In another thread last year, the matriculation stats of a magnet prep school in Chicago was compared with those for an affluent suburban Chicago school, and the results matched your observations. The city school has very few college towns on the list. If the kids left the Chicago area, it was primarily for urban locations in the northeast. Even the safety schools like Loyola Chicago or UIC were urban in nature. In contrast, the suburban schools had a much wider variety of school choice with traditional college town schools being most popular. Once outside the elite schools, Big 10 or similar schools like Missouri, Colorado and Alabama were well represented. Very few people choose high end LACs.

I went through the matriculation data for the three highly considered Chicago area prep schools, Chicago Lab, Latin School and Frances Parker and calculated their HYPSM index, or how many kids attended HYPSM in the past four admission cycles. The results are as follows:

*********LabLatinParker
Harvard
672
Yale
171110
Princeton
7*72
Stanford
11
36
MIT
****920
Total
5030*20

I would be interested in seeing the HYPSM index of other well respected schools across the country. A little help with tables would be appreciated as well.

@Zinhead What are the sizes of the graduating classes at the schools you listed above?

From a quick internet search, UC Lab has 129, Latin has 108, and Parker has 80. With that information, over a four year period, 9.7 percent of UC Lab students go to HYPSM while the ratios for Latin and Parker are 7.0% and 6.3% respectively.

I looked at Collegiate in NYC which graduates about 50-55 boys per yr.
Over the past 5 yrs
Harvard - 19
Yale -19
Princeton -13
Stanford - 5
MIT - 2
That’s about 22% of the class each yr to those 5 schools.
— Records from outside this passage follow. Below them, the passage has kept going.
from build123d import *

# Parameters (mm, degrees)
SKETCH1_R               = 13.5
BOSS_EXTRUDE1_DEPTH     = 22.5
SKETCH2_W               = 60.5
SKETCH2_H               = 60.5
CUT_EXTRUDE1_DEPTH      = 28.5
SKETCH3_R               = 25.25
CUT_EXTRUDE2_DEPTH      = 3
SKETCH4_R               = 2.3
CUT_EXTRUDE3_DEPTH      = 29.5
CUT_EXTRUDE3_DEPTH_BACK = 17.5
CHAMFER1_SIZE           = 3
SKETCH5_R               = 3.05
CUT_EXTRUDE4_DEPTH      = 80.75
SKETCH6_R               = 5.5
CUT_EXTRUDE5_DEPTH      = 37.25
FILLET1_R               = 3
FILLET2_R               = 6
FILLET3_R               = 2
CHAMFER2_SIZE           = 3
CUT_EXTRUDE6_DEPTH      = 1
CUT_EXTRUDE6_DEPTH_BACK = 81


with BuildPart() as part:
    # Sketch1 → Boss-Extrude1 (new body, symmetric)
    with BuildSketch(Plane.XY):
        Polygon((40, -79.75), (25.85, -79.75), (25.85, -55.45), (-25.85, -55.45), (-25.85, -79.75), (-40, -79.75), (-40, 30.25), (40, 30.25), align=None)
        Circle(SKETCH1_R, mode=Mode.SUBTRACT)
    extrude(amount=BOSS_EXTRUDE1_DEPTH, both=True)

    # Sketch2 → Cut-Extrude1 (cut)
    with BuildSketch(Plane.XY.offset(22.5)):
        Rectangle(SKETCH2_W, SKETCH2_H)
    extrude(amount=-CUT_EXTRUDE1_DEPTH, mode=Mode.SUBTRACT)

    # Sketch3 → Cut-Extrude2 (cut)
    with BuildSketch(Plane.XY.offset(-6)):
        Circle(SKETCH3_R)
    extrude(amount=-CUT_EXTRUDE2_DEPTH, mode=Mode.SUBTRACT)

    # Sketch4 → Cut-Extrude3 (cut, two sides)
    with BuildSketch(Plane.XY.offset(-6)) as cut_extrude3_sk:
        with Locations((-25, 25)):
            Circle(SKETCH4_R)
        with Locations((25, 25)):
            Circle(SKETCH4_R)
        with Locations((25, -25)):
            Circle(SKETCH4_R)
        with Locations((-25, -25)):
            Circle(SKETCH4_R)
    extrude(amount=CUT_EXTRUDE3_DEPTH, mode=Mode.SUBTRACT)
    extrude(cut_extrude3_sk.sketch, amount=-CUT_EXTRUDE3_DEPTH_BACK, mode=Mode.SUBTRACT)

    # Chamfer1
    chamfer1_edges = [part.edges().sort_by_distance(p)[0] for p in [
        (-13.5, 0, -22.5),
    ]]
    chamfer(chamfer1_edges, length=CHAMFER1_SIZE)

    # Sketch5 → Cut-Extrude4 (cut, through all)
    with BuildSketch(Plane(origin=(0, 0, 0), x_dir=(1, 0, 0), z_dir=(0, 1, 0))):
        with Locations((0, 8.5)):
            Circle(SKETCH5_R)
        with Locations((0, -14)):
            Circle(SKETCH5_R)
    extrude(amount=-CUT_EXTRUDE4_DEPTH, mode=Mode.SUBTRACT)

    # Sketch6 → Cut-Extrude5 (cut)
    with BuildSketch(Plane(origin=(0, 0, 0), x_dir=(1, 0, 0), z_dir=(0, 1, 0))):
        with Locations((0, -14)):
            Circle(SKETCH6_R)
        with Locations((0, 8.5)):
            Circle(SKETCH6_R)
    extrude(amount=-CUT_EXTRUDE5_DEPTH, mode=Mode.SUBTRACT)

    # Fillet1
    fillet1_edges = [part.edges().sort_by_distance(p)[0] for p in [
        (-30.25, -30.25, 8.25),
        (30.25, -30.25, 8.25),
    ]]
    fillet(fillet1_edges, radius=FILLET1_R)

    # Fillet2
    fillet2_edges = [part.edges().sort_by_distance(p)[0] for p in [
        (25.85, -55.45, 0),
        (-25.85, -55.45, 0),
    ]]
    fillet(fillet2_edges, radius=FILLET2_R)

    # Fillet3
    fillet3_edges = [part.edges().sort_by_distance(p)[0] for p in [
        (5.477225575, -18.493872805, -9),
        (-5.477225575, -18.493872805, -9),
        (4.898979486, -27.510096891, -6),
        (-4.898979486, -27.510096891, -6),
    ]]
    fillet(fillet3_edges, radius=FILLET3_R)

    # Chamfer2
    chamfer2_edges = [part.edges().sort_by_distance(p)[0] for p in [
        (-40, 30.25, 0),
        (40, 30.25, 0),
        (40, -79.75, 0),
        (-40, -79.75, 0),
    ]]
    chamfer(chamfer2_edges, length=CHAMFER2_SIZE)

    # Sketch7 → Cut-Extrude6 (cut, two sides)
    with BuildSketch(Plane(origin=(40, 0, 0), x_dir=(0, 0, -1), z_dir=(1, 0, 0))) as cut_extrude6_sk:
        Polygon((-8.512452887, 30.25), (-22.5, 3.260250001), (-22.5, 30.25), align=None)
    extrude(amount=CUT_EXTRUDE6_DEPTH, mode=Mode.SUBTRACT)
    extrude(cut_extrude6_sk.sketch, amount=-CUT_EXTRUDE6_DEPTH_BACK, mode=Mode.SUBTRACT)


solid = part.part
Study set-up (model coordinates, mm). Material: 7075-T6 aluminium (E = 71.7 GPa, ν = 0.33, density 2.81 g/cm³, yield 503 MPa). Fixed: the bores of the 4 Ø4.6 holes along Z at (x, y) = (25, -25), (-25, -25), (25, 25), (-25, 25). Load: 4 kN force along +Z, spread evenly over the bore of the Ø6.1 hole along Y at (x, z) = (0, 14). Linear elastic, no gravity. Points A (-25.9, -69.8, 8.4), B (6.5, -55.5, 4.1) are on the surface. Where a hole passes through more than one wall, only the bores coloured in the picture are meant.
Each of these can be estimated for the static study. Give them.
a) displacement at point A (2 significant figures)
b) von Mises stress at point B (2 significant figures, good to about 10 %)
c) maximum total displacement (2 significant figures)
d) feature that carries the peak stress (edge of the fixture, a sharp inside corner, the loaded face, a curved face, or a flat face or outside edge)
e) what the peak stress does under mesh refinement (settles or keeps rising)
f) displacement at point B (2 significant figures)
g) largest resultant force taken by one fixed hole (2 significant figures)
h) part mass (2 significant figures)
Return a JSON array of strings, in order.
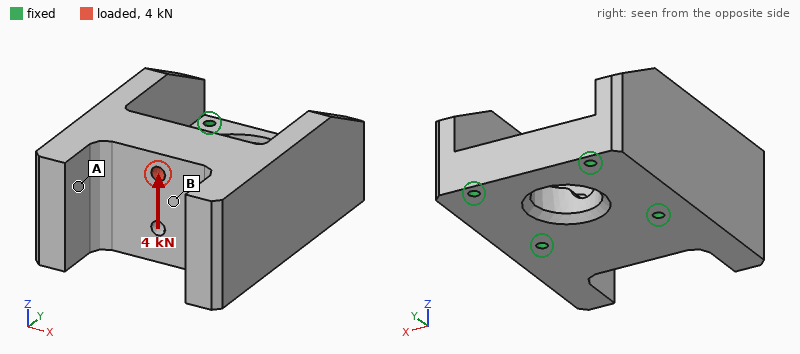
["13 µm", "8.6 MPa", "17 µm", "edge of the fixture", "keeps rising", "12 µm", "2.6 kN", "600 g"]
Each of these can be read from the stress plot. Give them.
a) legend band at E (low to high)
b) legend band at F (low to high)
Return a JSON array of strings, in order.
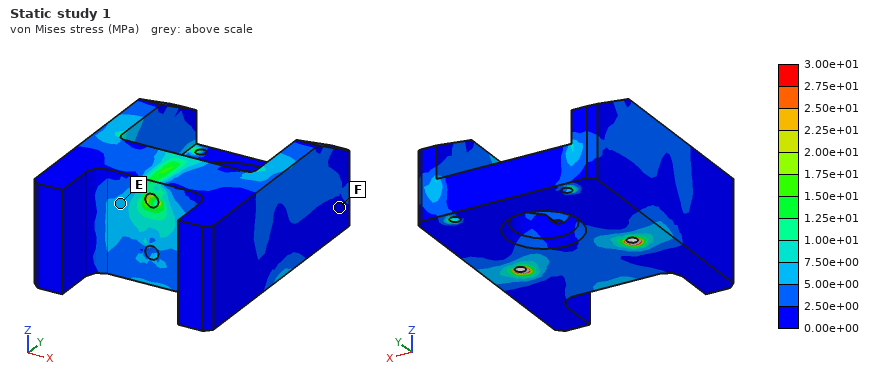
["5.00e+00 to 7.50e+00 MPa", "0.00e+00 to 2.50e+00 MPa"]
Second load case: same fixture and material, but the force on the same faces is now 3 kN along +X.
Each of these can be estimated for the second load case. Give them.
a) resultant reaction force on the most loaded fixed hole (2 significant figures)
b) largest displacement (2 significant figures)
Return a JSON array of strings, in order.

["2.3 kN", "8.8 µm"]
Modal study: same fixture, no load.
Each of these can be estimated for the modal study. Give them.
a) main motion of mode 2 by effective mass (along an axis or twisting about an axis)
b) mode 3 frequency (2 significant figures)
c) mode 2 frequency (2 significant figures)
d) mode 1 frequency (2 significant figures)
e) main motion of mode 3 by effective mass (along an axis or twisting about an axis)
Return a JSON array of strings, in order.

["along X", "7400 Hz", "5800 Hz", "4700 Hz", "along X"]

Wow

What you need to know is the number of legacy applicants. Collegiate is an excellent school. Probably the best single sex school in the city (with Brearley a close second) but I suspect that a good chunk of the HYP admits are legacy and/or development and/or URM. Notice that the numbers at Stanford are lower. Partly that is because NYC parents don’t want their kids to go to California for college and partly that is because there are fewer Stanford alums in NYC so fewer legacy applicants.

@wisteria100 More kids from the public NJ vocational/magnet/STEM schools got to top 25 universities and top 25 colleges than any private school in the area.